Although I have tried to emphasize that I do not believe there is nearly enough evidence to know with confidence what type of balance would occur with the widespread use of tPA for presumed AIS, I suspect it is unlikely that it would produce substantially more good than harm, or substantially more harm than good. Not for individual patients, of course, who may have tremendously positive or tremendously negative results. But in the AIS population at large it is almost inconceivable that tPA would have as much impact on overall outcome as the use of a single aspirin.16,17 If that is the case, one has to ask why so much attention has been paid to this treatment . . . and at the same time why some of us have spent so much effort raising objections. If it really is not likely to cause lots of harm, why put up so much resistance – even if it does not produce lots of benefit? There are two good answers, I believe. First, as noted above, only with more information will we be able to avoid doing the wrong thing for individual patients. Although the population overall may not gain or suffer markedly, I do not want to use a drug that is more likely than not to hurt the patient in front of me. At the same time, and equally important, I do not wish to deny it to someone who stands a real chance of reaping important benefit.
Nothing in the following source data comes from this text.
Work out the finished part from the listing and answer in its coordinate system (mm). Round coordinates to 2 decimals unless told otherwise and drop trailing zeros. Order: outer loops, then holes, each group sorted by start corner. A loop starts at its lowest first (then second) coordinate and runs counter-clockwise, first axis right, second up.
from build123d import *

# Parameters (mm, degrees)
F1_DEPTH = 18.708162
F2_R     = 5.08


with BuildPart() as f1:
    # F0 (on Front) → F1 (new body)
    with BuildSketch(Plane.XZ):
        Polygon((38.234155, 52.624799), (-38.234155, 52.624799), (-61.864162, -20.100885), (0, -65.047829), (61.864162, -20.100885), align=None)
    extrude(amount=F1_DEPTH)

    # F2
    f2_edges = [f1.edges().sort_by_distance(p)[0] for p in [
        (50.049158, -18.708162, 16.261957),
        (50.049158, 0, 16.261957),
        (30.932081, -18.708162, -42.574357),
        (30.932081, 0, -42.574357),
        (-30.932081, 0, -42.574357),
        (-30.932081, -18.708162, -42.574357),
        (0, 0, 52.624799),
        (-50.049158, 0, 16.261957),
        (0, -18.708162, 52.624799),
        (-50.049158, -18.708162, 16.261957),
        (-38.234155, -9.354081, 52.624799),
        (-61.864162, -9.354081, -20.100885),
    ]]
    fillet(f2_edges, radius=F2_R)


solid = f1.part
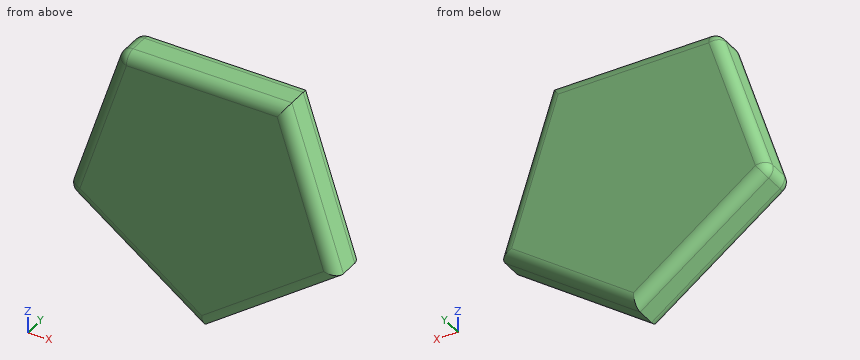
Item 1: Find section B-B (y = -2). Write down the section's boundary in (x, z).
Item 2: Find section A-A (y = -16.25). Write down the section's boundary in (x, z).
Item 3: Find the intervals of material crossed by line 1 along Z through (x, y) = (-8.5, -6.5); line 2 along X through (y, z) = (-2.75, 11); line 3 along X through (y, z) = (-1.5, 30), in increasing order.
Item 4: Given pin 1 (5 mm diameter, centred on y = -5.5, z = 21.5, fed in from +X); pin 2 (1 mm diameter, centred on x = 8.5, y = -5.5, fed in from -Z); pin 3 (1 mm diameter, centred on x = 7.5, y = -4, fed in from +Z), each flat-ended and moving along its own axis, determine where each tip first touches the part or whether it passes through.
Model answer:
1. outline: (-59.73, -16.91) arc R4.04 ccw to (-58.27, -21.43) - (0, -63.76) - (60.64, -19.7) - (37.48, 51.58) - (-34.54, 51.58) arc R4.04 ccw to (-38.39, 48.79) - close
2. outline: (-60.03, -16.82) arc R4.35 ccw to (-58.45, -21.68) - (0, -64.15) - (61.01, -19.82) - (37.7, 51.9) - (-34.54, 51.9) arc R4.35 ccw to (-38.68, 48.89) - close
3. line 1: z = -58.87 to 52.62
3. line 2: x = -51.16 to 51.16
3. line 3: x = -44.03 to 44.03
4. pin 1: stops at x = 49.16
4. pin 2: stops at z = -59.24
4. pin 3: stops at z = 52.59

There is perhaps an even more important reason to resist the steamroller efforts by advocates of thrombolysis for AIS. I believe scientific questions should be answered by the best available science, and that we should not allow misplaced zeal, not to mention politics, or money, to stand in the place of such science. Among the organizations whose guidelines have trumpeted tPA for AIS as a ‘proven’ therapy, some have substantial conflicts of interest, having received major financial support from the drug's manufacturers.18 The same is true of many of the experts chosen to sit on guideline panels, who make these recommendations.18,19

It is equally distasteful to use extra-medical venues to try to influence practice, when debate and argument have failed to do so. Advocates of thrombolysis for AIS sometimes dismiss sceptics – including the large number of emergency physicians who have chosen not to adopt this therapy – as either greedy, or simply ignorant.20 In addition, there have been efforts to force changes in behaviour through regulatory agencies (such as the Joint Commission on the Accreditation of Healthcare Organizations in the USA), legislation (numerous bills have been proposed at the local, state and national level in the USA), and the financial and emotional penalties associated with claims of malpractice.

Which takes us back to the beginning … lawsuits against emergency physicians for not having used this drug in AIS. Although the details of these cases – and the overall care provided – vary enormously, such that my personal feelings about them is also very varied, I believe it would be tragic – in every one of these cases – if we allowed the threat of legal action to stampede us, as individuals and as a community, into adopting an approach about which a huge number of us so obviously remain unconvinced. It is ultimately for this reason that I personally am willing to put so much time and effort (for which I receive no personal financial recompense) into this issue – even though I myself suspect that the impact of thrombolysis for AIS will ultimately prove to be small. It is because I also believe that the impact of this larger question – how do we as a medical community allow policy to be made, in the absence of scientific rigor – is likely to be far, far more substantial.